The stars apparently don’t recognize this as courageousness. Reportedly Aviron got cold feet and spent much less in advertising than they’d initially promised. For what it’s worth I saw the trailer before at least 3 or 4 movies. One of the times, I think before a packed showing of HEREDITARY, I heard a young woman gripe, “There’s already a movie called SERENITY. A much better movie.” (I laughed at the time, but she was right.)
According to Deadline, McConaughey and Hathaway were “furious” at the distributor after the movie had “the worst opening-weekend numbers of their careers.” At the box office that weekend it ranked below GLASS, THE UPSIDE, AQUAMAN, THE KID WHO WOULD BE KING, SPIDER-MAN: INTO THE SPIDER-VERSE, GREEN BOOK, and even A DOG’S WAY HOME, which was in its third week. The company was forced to say publicly that “we tested and retested the film – with audiences and critics alike – and sadly, the data demonstrated that the film was not going to be able to perform at our initial expectations.”

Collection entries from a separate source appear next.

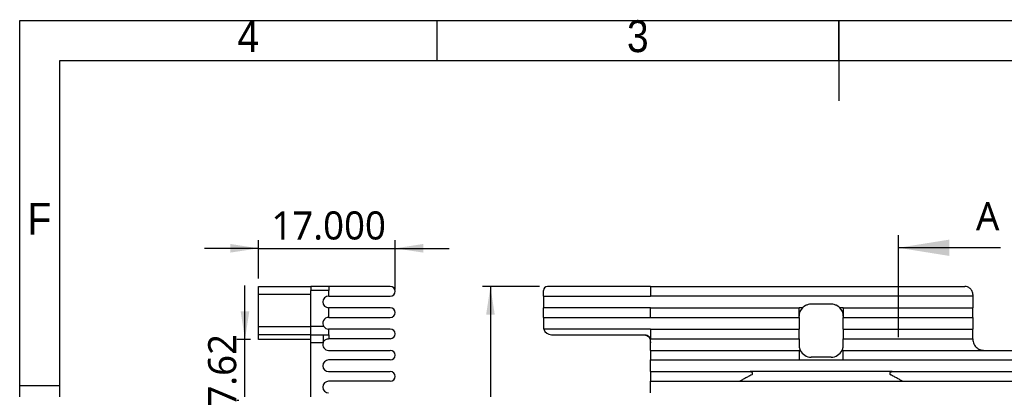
# Model space of a CAD drawing. Header units: millimetres. Extents: x 3 to 207, y 3 to 294.
# Tile 9 of 10: x 3 to 126, y 248 to 294. Entities that reach past the tile are written whole.
import ezdxf

# ---------------------------------------------------------------- set-up
doc = ezdxf.new("R2010")
doc.units = ezdxf.units.MM
for name, color, linetype in [('几何体', 7, 'Continuous'), ('剖面线', 4, 'Continuous'), ('尺寸', 3, 'Continuous'), ('注释', 7, 'Continuous'), ('草图直线', 1, 'Continuous')]:
    doc.layers.add(name, color=color, linetype=linetype)
doc.styles.add('SLDTEXTSTYLE1', font='Microsoft YaHei.ttf')
doc.styles.add('SLDTEXTSTYLE2', font='Gothic.ttf', dxfattribs={"width": 0.913})
doc.dimstyles.new('SLDDIMSTYLE1', dxfattribs={"dimtxt": 3.5, "dimasz": 3.5, "dimexe": 0, "dimexo": 0.0625, "dimgap": 0.875, "dimtad": 1, "dimrnd": 1e-09, "dimzin": 12, "dimdsep": 46, "dimtxsty": 'SLDTEXTSTYLE1', "dimsah": 1, "dimcen": 0.09, "dimadec": 0, "dimazin": 3, "dimtfac": 1, "dimtofl": 0, "dimtmove": 0, "dimatfit": 3, "dimfxl": 0, "dimfrac": 2, "dimtolj": 1, "dimtzin": 12, "dimarcsym": 0})
doc.dimstyles.new('SLDDIMSTYLE4', dxfattribs={"dimtxt": 3.5, "dimasz": 3.5, "dimexe": 0, "dimexo": 0.0625, "dimgap": 0.875, "dimtad": 1, "dimdec": 3, "dimrnd": 1e-09, "dimzin": 4, "dimdsep": 46, "dimtxsty": 'SLDTEXTSTYLE1', "dimsah": 1, "dimcen": 0.09, "dimadec": 0, "dimazin": 1, "dimtfac": 1, "dimtdec": 3, "dimtmove": 0, "dimatfit": 0, "dimfxl": 0, "dimfrac": 2, "dimtolj": 1, "dimtzin": 12, "dimarcsym": 0})
doc.dimstyles.new('SLDDIMSTYLE5', dxfattribs={"dimtxt": 3.5, "dimasz": 3.5, "dimexe": 0, "dimexo": 0.0625, "dimgap": 0.875, "dimtad": 1, "dimrnd": 1e-09, "dimzin": 12, "dimdsep": 46, "dimtxsty": 'SLDTEXTSTYLE1', "dimsah": 1, "dimcen": 0.09, "dimadec": 0, "dimazin": 3, "dimtfac": 1, "dimtmove": 0, "dimatfit": 0, "dimfxl": 0, "dimfrac": 2, "dimtolj": 1, "dimtzin": 12, "dimarcsym": 0})

# ---------------------------------------------------------------- blocks, each defined once
blk = doc.blocks.new('_D')
at = {"layer": '尺寸', "transparency": 16777216}
for p, q in [((67.71, 260.86), (60.61, 260.86)), ((61.61, 260.86), (61.61, 204.01)), ((71.92, 204.01), (60.61, 204.01))]:
    blk.add_line(p, q, dxfattribs=at)
for points in [[(61.61, 260.86), (61.08, 257.36), (62.15, 257.36)], [(61.61, 204.01), (62.15, 207.51), (61.08, 207.51)]]:
    blk.add_solid(points, dxfattribs=at)
at = {"layer": '尺寸', "transparency": 16777216, "insert": (57.02, 226.3), "char_height": 3.5, "attachment_point": 1, "rotation": 90, "style": 'SLDTEXTSTYLE1'}
blk.add_mtext('56.85', dxfattribs=at)
blk = doc.blocks.new('_D_3')
at = {"layer": '尺寸', "transparency": 16777216}
for p, q in [((32.74, 261.86), (32.74, 266.61)), ((49.74, 260.48), (49.74, 266.61)), ((32.74, 265.61), (26.01, 265.61)), ((32.74, 265.61), (49.74, 265.61)), ((49.74, 265.61), (56.47, 265.61))]:
    blk.add_line(p, q, dxfattribs=at)
for points in [[(32.74, 265.61), (29.24, 266.15), (29.24, 265.08)], [(49.74, 265.61), (53.24, 265.08), (53.24, 266.15)]]:
    blk.add_solid(points, dxfattribs=at)
at = {"layer": '尺寸', "transparency": 16777216, "insert": (34.34, 270.21), "char_height": 3.5, "attachment_point": 1, "style": 'SLDTEXTSTYLE1'}
blk.add_mtext('17.000', dxfattribs=at)
blk = doc.blocks.new('_D_4')
at = {"layer": '尺寸', "transparency": 16777216}
for p, q in [((31.05, 254.26), (31.05, 260.99)), ((31.74, 254.26), (30.05, 254.26)), ((31.05, 246.64), (31.05, 254.26)), ((33.09, 246.64), (30.05, 246.64)), ((31.05, 246.64), (31.05, 239.91))]:
    blk.add_line(p, q, dxfattribs=at)
for points in [[(31.05, 254.26), (31.59, 257.76), (30.51, 257.76)], [(31.05, 246.64), (30.51, 243.14), (31.59, 243.14)]]:
    blk.add_solid(points, dxfattribs=at)
at = {"layer": '尺寸', "transparency": 16777216, "insert": (26.46, 245.9), "char_height": 3.5, "attachment_point": 1, "rotation": 90, "style": 'SLDTEXTSTYLE1'}
blk.add_mtext('7.62', dxfattribs=at)

msp = doc.modelspace()

# ---------------------------------------------------------------- linework, layer by layer
at = {"layer": '几何体'}
for p, q in [((32.7421186, 259.857894), (32.7421186, 260.857894)), ((32.7421186, 260.857894), (39.2421186, 260.857894)), ((41.4721186, 260.857894), (39.2421186, 260.857894)), ((39.2421186, 260.857894), (39.2421186, 260.357894)), ((39.2421186, 255.857977), (39.2421186, 260.357894)), ((41.4721186, 260.357894), (39.2421186, 260.357894)), ((41.4721186, 260.857894), (41.4721186, 260.357894)), ((49.1421186, 260.857894), (41.4721186, 260.857894)), ((41.4721186, 259.657894), (41.4721186, 260.357894)), ((68.2081883, 259.657894), (68.2081883, 260.357894)), ((81.5582953, 260.857894), (68.7081883, 260.857894)), ((81.5582953, 260.857894), (81.5582953, 259.657894)), ((81.5582953, 260.857894), (120.6783073, 260.857894)), ((39.2421186, 259.857894), (32.7421186, 259.857894)), ((32.7421186, 255.857977), (32.7421186, 259.857894)), ((41.4721186, 259.657894), (41.4671186, 259.657894)), ((41.4721186, 259.657894), (49.1421186, 259.657894)), ((68.2081883, 259.657894), (68.2081883, 258.207894)), ((68.2081883, 259.657894), (81.5582953, 259.657894)), ((121.6783073, 259.657894), (81.5582953, 259.657894)), ((121.6783073, 259.857894), (121.6783073, 259.657894)), ((121.6783073, 259.657894), (121.6783073, 258.207894)), ((41.4721186, 258.207894), (41.4671186, 258.207894)), ((41.4721186, 257.007894), (41.4721186, 258.207894)), ((49.1421186, 258.207894), (41.4721186, 258.207894)), ((68.2081883, 257.007894), (68.2081883, 258.207894)), ((81.5582953, 258.207894), (68.2081883, 258.207894)), ((81.5582953, 258.207894), (100.0434393, 258.207894)), ((81.5582953, 257.007894), (81.5582953, 258.207894)), ((100.0434393, 257.007894), (100.0434393, 258.207894)), ((100.4722251, 258.207894), (100.0434393, 258.207894)), ((104.0434393, 258.657894), (101.5434393, 258.657894)), ((105.5434393, 258.207894), (105.1146536, 258.207894)), ((105.5434393, 258.207894), (105.5434393, 257.007894)), ((105.5434393, 258.207894), (121.6783073, 258.207894)), ((121.6783073, 257.007894), (121.6783073, 258.207894)), ((41.4721186, 257.007894), (41.4671186, 257.007894)), ((41.4721186, 257.007894), (49.1421186, 257.007894)), ((68.2081883, 257.007894), (81.5582953, 257.007894)), ((68.2081883, 257.007894), (68.2081883, 255.857977)), ((81.5582953, 257.007894), (100.0434393, 257.007894)), ((100.0434393, 257.007894), (100.0434393, 255.557894)), ((105.5434393, 257.007894), (121.6783073, 257.007894)), ((105.5434393, 255.557894), (105.5434393, 257.007894)), ((121.6783073, 257.007894), (121.6783073, 255.557894)), ((32.7421186, 255.857977), (39.2421186, 255.857977)), ((32.7421186, 254.857977), (32.7421186, 255.857977)), ((40.8796916, 255.857977), (39.2421186, 255.857977)), ((39.2421186, 254.857977), (39.2421186, 255.857977)), ((41.4721186, 255.557894), (41.4671186, 255.557894)), ((41.4721186, 254.857977), (41.4721186, 255.557894)), ((49.1421186, 255.557894), (41.4721186, 255.557894)), ((81.5582953, 255.557894), (68.2542752, 255.557894)), ((81.5582953, 255.557894), (100.0434393, 255.557894)), ((81.5582953, 255.557894), (81.5582953, 254.357894)), ((100.0434393, 254.357894), (100.0434393, 255.557894)), ((105.5434393, 255.557894), (105.5434393, 254.357894)), ((105.5434393, 255.557894), (121.6783073, 255.557894)), ((121.6783073, 254.357894), (121.6783073, 255.557894)), ((39.2421186, 254.857977), (32.7421186, 254.857977)), ((32.7421186, 254.257972), (32.7421186, 254.857977)), ((39.2421186, 254.257972), (32.7421186, 254.257972)), ((39.2421186, 254.857977), (41.4721186, 254.857977)), ((40.7779433, 253.857977), (39.2421186, 253.857977)), ((39.2421186, 245.327966), (39.2421186, 253.857977)), ((49.1421186, 254.357894), (41.4671186, 254.357894)), ((69.2081883, 254.857977), (80.6920195, 254.857977)), ((80.5582953, 254.857977), (80.980907, 254.7976039)), ((81.007356, 254.8088495), (80.9712535, 254.8205065)), ((81.4521629, 254.358439), (81.5118826, 254.1828664)), ((81.5118826, 254.1828664), (81.5582953, 253.857977)), ((81.5582953, 254.357894), (100.0434393, 254.357894)), ((81.5582953, 252.907894), (81.5582953, 253.857977)), ((100.0434393, 254.357894), (100.0434393, 253.557894)), ((105.5434393, 254.357894), (121.6783073, 254.357894)), ((105.5434393, 253.557894), (105.5434393, 254.357894)), ((121.6783073, 254.357894), (121.6783073, 254.307894)), ((41.4671186, 252.907894), (49.1421186, 252.907894)), ((81.5582953, 252.907894), (100.0434393, 252.907894)), ((81.5582953, 252.907894), (81.5582953, 251.707894)), ((100.0434393, 252.907894), (100.0434393, 251.707894)), ((100.1915888, 252.907894), (100.0434393, 252.907894)), ((105.5434393, 252.907894), (105.3952899, 252.907894)), ((105.5434393, 252.907894), (139.5081883, 252.907894)), ((105.5434393, 251.707894), (105.5434393, 252.907894)), ((49.1421186, 251.707894), (41.4671186, 251.707894)), ((81.5582953, 251.707894), (100.0434393, 251.707894)), ((81.5582953, 250.257894), (81.5582953, 251.707894)), ((100.0434393, 251.707894), (105.5434393, 251.707894)), ((104.0434393, 252.057894), (101.5434393, 252.057894)), ((105.5434393, 251.707894), (139.5081883, 251.707894)), ((41.4671186, 250.257894), (49.1421186, 250.257894)), ((81.5582953, 250.257894), (81.5582953, 249.057894)), ((81.5582953, 250.257894), (93.9413563, 250.257894)), ((111.6455224, 250.257894), (93.9413563, 250.257894)), ((111.6455224, 250.257894), (139.5081883, 250.257894)), ((49.1421186, 249.057894), (41.4671186, 249.057894)), ((81.5582953, 249.057894), (92.684316, 249.057894)), ((81.5582953, 247.607894), (81.5582953, 249.057894)), ((92.684316, 249.057894), (112.9025627, 249.057894)), ((112.9025627, 249.057894), (139.5081883, 249.057894))]:
    msp.add_line(p, q, dxfattribs=at)
at = {"layer": '几何体', "flags": 128}
msp.add_lwpolyline([(40.7779433, 253.857977), (40.8394964, 253.9958201), (40.8980323, 254.0820774)], dxfattribs=at)
at = {"layer": '几何体'}
for centre, radius, start, end in [((49.1421186, 260.257894), 0.6, 270, 90), ((68.7081883, 260.357894), 0.5, 90, 180), ((41.4671186, 258.932894), 0.725, 90, 270), ((49.1421186, 257.607894), 0.6, 270, 90), ((101.5434393, 257.157894), 1.5, 135.572995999, 180), ((104.0434393, 257.157894), 1.5, 0, 44.427004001), ((41.4671186, 256.282894), 0.725, 90, 215.880201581), ((49.1421186, 254.957894), 0.6, 270, 90), ((69.2081883, 255.857977), 1, 197.462588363, 270), ((41.4671186, 253.632894), 0.725, 161.913087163, 270), ((49.1421186, 252.307894), 0.6, 270, 90), ((101.5434393, 253.557894), 1.5, 205.679288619, 270), ((104.0434393, 253.557894), 1.5, 270, 334.320711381), ((41.4671186, 250.982894), 0.725, 90, 270), ((49.1421186, 249.657894), 0.6, 270, 90), ((41.4671186, 248.332894), 0.725, 90, 270)]:
    msp.add_arc(centre, radius, start, end, dxfattribs=at)
for points, knots in [([(121.6783073, 259.857894), (121.6783073, 259.9137683), (121.6734722, 259.9783011), (121.6471727, 260.1150919), (121.6255421, 260.1868833), (121.5373196, 260.3908557), (121.4476504, 260.5105688), (121.2491841, 260.6897431), (121.1382608, 260.753928), (120.9129333, 260.8373759), (120.7952315, 260.857894), (120.6783073, 260.857894)], [0, 0, 0, 0, 0.125, 0.125, 0.25, 0.25, 0.5, 0.5, 0.75, 0.75, 1, 1, 1, 1]), ([(101.5434393, 258.657894), (101.4157432, 258.657894), (101.2909321, 258.6418253), (101.0473962, 258.5790742), (100.9304466, 258.5320763), (100.7216093, 258.4183433), (100.6311266, 258.3513866), (100.5063304, 258.2446986), (100.4722251, 258.207894), (100.4722251, 258.207894)], [0, 0, 0, 0, 0.25, 0.25, 0.5, 0.5, 0.75, 0.75, 1, 1, 1, 1]), ([(105.1146536, 258.207894), (105.1146536, 258.207894), (105.0807049, 258.2445545), (104.9558101, 258.3513472), (104.864482, 258.4187446), (104.657759, 258.5313811), (104.5399523, 258.5788398), (104.2980146, 258.6414046), (104.1709514, 258.657894), (104.0434393, 258.657894)], [0, 0, 0, 0, 0.25, 0.25, 0.5, 0.5, 0.75, 0.75, 1, 1, 1, 1]), ([(40.8796916, 255.857977), (40.9475067, 255.7642258), (41.0363709, 255.6887937), (41.2384748, 255.5855987), (41.3524765, 255.557894), (41.4671186, 255.557894)], [0, 0, 0, 0, 0.5, 0.5, 1, 1, 1, 1]), ([(68.2081883, 255.857977), (68.2081883, 255.7642258), (68.2211849, 255.6887937), (68.2445449, 255.5855987), (68.2542752, 255.557894), (68.2542752, 255.557894)], [0, 0, 0, 0, 0.5, 0.5, 1, 1, 1, 1]), ([(39.2421186, 253.857977), (39.2421186, 253.9073444), (39.2421186, 254.0024779), (39.2421186, 254.1392742), (39.2421186, 254.2644218), (39.2421186, 254.3779102), (39.2421186, 254.4796648), (39.2421186, 254.5695467), (39.2421186, 254.6473844), (39.2421186, 254.713054), (39.2421186, 254.7665131), (39.2421186, 254.8078728), (39.2421186, 254.837026), (39.2421186, 254.8549237), (39.2421186, 254.8569339), (39.2421186, 254.857977)], [0, 0, 0, 0, 0.09126111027, 0.17586488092, 0.25460417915, 0.32846098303, 0.39862257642, 0.46647051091, 0.53352948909, 0.60137742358, 0.67153901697, 0.74539582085, 0.82413511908, 0.90873888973, 1, 1, 1, 1]), ([(40.7779433, 253.857977), (40.7901782, 253.8956604), (40.799222, 253.9393673), (40.8921322, 254.0777734), (40.9338692, 254.1400231), (41.0705271, 254.2428184), (41.1303691, 254.2797467), (41.2823546, 254.336608), (41.3719277, 254.3566141), (41.467121, 254.357673)], [0, 0, 0, 0, 0.5, 0.5, 0.75, 0.75, 0.875, 0.875, 1, 1, 1, 1]), ([(41.4721186, 254.857977), (41.4721186, 254.8570628), (41.4721186, 254.8552737), (41.4721186, 254.8398984), (41.4721186, 254.8150391), (41.4721186, 254.77987), (41.4721186, 254.7345889), (41.4721186, 254.679151), (41.4721186, 254.6136327), (41.4721186, 254.5379762), (41.4721186, 254.4526242), (41.4721186, 254.3897894), (41.4721186, 254.3576822)], [0, 0, 0, 0, 0.1070768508, 0.2095524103, 0.3084364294, 0.4048515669, 0.5000079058, 0.5951635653, 0.691576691, 0.7904574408, 0.8929285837, 1, 1, 1, 1]), ([(80.5723591, 254.857977), (80.6927646, 254.8515969), (80.9187467, 254.8396223), (81.1751207, 254.7234238), (81.3284857, 254.5817199), (81.4195125, 254.4734623), (81.4433724, 254.3894068), (81.4521629, 254.358439)], [0, 0, 0, 0, 0.3294780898, 0.6183778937, 0.7620830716, 0.9123462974, 1, 1, 1, 1]), ([(80.6920195, 254.857977), (80.7296085, 254.8570628), (80.8031713, 254.8552737), (80.9105585, 254.8398984), (81.0122213, 254.8150391), (81.1081246, 254.77987), (81.1982213, 254.7345889), (81.2824489, 254.679151), (81.3608149, 254.6136327), (81.4331246, 254.5379762), (81.5000758, 254.4526242), (81.5383637, 254.3897894), (81.5579279, 254.3576822)], [0, 0, 0, 0, 0.1070768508, 0.2095524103, 0.3084364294, 0.4048515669, 0.5000079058, 0.5951635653, 0.691576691, 0.7904574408, 0.8929285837, 1, 1, 1, 1]), ([(81.5582953, 254.3116579), (81.5220635, 254.3839416), (81.4612084, 254.5053493), (81.3630391, 254.5966289), (81.3233178, 254.6335625)], [0, 0, 0, 0, 0.5953796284, 1, 1, 1, 1]), ([(81.5582953, 253.857977), (81.5582953, 253.9270612), (81.5582953, 254.0652295), (81.5582953, 254.2000006), (81.5582953, 254.2425011), (81.5582953, 254.252858)], [0, 0, 0, 0, 0.430625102, 0.8612502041, 1, 1, 1, 1]), ([(121.6783073, 254.307894), (121.6783073, 254.2681387), (121.6798109, 254.2057704), (121.7001324, 254.0493298), (121.7197256, 253.9545286), (121.7860786, 253.7594813), (121.833028, 253.6591251), (121.9470348, 253.4761222), (122.0132745, 253.3934916), (122.2292045, 253.1761999), (122.3930965, 253.0737956), (122.7281631, 252.9404468), (122.9038876, 252.907894), (123.0783073, 252.907894)], [0, 0, 0, 0, 0.125, 0.125, 0.25, 0.25, 0.375, 0.375, 0.5, 0.5, 0.75, 0.75, 1, 1, 1, 1]), ([(100.0434393, 253.557894), (100.0434393, 253.3776018), (100.0789128, 253.2110443), (100.1359952, 253.0355084), (100.1552979, 252.988451), (100.1830898, 252.9249239), (100.1915888, 252.907894), (100.1915888, 252.907894)], [0, 0, 0, 0, 0.5, 0.5, 0.75, 0.75, 1, 1, 1, 1]), ([(105.3952899, 252.907894), (105.3952899, 252.907894), (105.403763, 252.9248587), (105.4316886, 252.9887033), (105.4509342, 253.0356118), (105.5082314, 253.2119663), (105.5434393, 253.3775898), (105.5434393, 253.557894)], [0, 0, 0, 0, 0.25, 0.25, 0.5, 0.5, 1, 1, 1, 1]), ([(94.1401546, 249.857752), (94.1852974, 249.8801061), (94.2189016, 249.9190076), (94.2530958, 250.0010148), (94.2546187, 250.0426809), (94.2395368, 250.1140189), (94.2235023, 250.1437181), (94.1819171, 250.1918263), (94.1577249, 250.2100441), (94.1247674, 250.2230396)], [0, 0, 0, 0, 0.25, 0.25, 0.5, 0.5, 0.75, 0.75, 1, 1, 1, 1]), ([(111.4621113, 250.2230396), (111.4292108, 250.2100666), (111.404772, 250.1917047), (111.3630411, 250.1432314), (111.3472862, 250.1139075), (111.3322444, 250.0424545), (111.3337985, 250.0009236), (111.3680331, 249.918927), (111.4015598, 249.8801167), (111.4467241, 249.857752)], [0, 0, 0, 0, 0.25, 0.25, 0.5, 0.5, 0.75, 0.75, 1, 1, 1, 1]), ([(94.1401546, 249.857752), (93.9998167, 249.7882589), (93.85744, 249.7156215), (93.5746375, 249.5668755), (93.4356242, 249.4915349), (93.1633201, 249.339754), (93.0277512, 249.2618689), (92.8520647, 249.1585813), (92.7972751, 249.1259261), (92.7128744, 249.0752465), (92.684316, 249.057894), (92.684316, 249.057894)], [0, 0, 0, 0, 0.25, 0.25, 0.5, 0.5, 0.75, 0.75, 0.875, 0.875, 1, 1, 1, 1]), ([(112.9025627, 249.057894), (112.9025627, 249.057894), (112.8741945, 249.0751333), (112.7888873, 249.1263553), (112.7344586, 249.1587938), (112.5575465, 249.2627912), (112.4236943, 249.3396763), (112.1515091, 249.491395), (112.0125146, 249.5667289), (111.7296834, 249.7154955), (111.5873374, 249.7881225), (111.4467241, 249.857752)], [0, 0, 0, 0, 0.125, 0.125, 0.25, 0.25, 0.5, 0.5, 0.75, 0.75, 1, 1, 1, 1])]:
    msp.add_open_spline(points, degree=3, knots=knots, dxfattribs=at)
for points in [[(40.7779433, 254.857977), (40.7779433, 254.857977), (40.7779433, 254.5246437), (40.7779433, 253.857977)], [(93.9413563, 250.257894), (94.003043, 250.257894), (94.0652215, 250.246519), (94.1247674, 250.2230396)], [(111.4621113, 250.2230396), (111.5215175, 250.2464639), (111.5844572, 250.257894), (111.6455224, 250.257894)]]:
    msp.add_open_spline(points, degree=3, dxfattribs=at)
at = {"layer": '剖面线'}
msp.add_line((112.403208, 254.567394), (112.403208, 267.267394), dxfattribs=at)
at = {"layer": '剖面线', "linetype": 'Continuous'}
msp.add_line((125.103208, 265.679894), (112.403208, 265.679894), dxfattribs=at)
at = {"layer": '剖面线'}
msp.add_solid([(112.403208, 265.679894), (118.753208, 264.663894), (118.753208, 266.695894)], dxfattribs=at)
at = {"layer": '草图直线'}
for p, q in [((3, 3), (3, 294)), ((3, 294), (207, 294)), ((55, 289), (55, 294)), ((105, 294.001), (105, 283.999)), ((105, 289), (105, 294)), ((8, 8), (8, 289)), ((8, 289), (202, 289)), ((8, 248.5), (3, 248.5))]:
    msp.add_line(p, q, dxfattribs=at)

# ---------------------------------------------------------------- texts
at = {"layer": '剖面线', "insert": (122.0692365, 271.3654735), "char_height": 3.5, "attachment_point": 1, "style": 'SLDTEXTSTYLE1'}
msp.add_mtext('A', dxfattribs=at)
at = {"layer": '注释', "char_height": 3.96875, "attachment_point": 2, "style": 'SLDTEXTSTYLE2'}
for s, insert in [('4', (31.4600369, 294.0136245)), ('3', (79.9600369, 294.0136245)), ('F', (5.4577402, 271.2636245))]:
    msp.add_mtext(s, dxfattribs=dict(at, insert=insert))

# ---------------------------------------------------------------- dimensions: what is measured, and where the dimension line sits
at = {"layer": '尺寸'}
dim = msp.add_linear_dim(base=(49.7421186, 265.614321), p1=(32.7421186, 260.857894), p2=(49.7421186, 260.257894), dimstyle='SLDDIMSTYLE4', dxfattribs=at)
dim.commit()
dim.dimension.update_dxf_attribs({"geometry": '_D_3', "text_midpoint": (41.1751771, 265.614321), "dimtype": 160})
for base, p1, p2, dimstyle, picture, middle in [((31.0492497, 254.257972), (34.0921186, 246.637982), (32.7421186, 254.257972), 'SLDDIMSTYLE5', '_D_4', (31.0492497, 250.2070891)), ((61.6145747, 204.007894), (68.7081883, 260.857894), (72.9161317, 204.007894), 'SLDDIMSTYLE1', '_D', (61.6145747, 231.8769855))]:
    dim = msp.add_linear_dim(base=base, p1=p1, p2=p2, angle=90, dimstyle=dimstyle, dxfattribs=at)
    dim.commit()
    dim.dimension.update_dxf_attribs({"geometry": picture, "text_midpoint": middle, "dimtype": 160})

doc.saveas('drawing.dxf')

Fuck the data, though. Just about anybody could’ve told you this if you just gave them a one or two sentence description of the movie. And Knight is a smart guy, he had to have known. So he must’ve really wanted this to exist anyway.
So hats off I guess? I hope there’s someone out there who really will think this is a great idea and be bowled over by its unlikely existence. Slickly made, with a budget, starring Oscar winners even! I am not that person. I am the one who can only recommend it for “how the fuck did this happen?” curiosity viewing.
But even I will be excited if the iconic video game character Baker Dill shows up in the next WRECK-IT RALPH movie.
P.S. Believe it or not there was a very moving true story about a similar subject – a young woman who uses The Sims to simulate her dead grandma – on the podcast Reply All. Highly recommended.
May 2nd, 2019 at 4:35 pm
‘And does the “winning” mean it was a side mission in the game!? I think it does!’
Sounds like someone was going for a cheevo!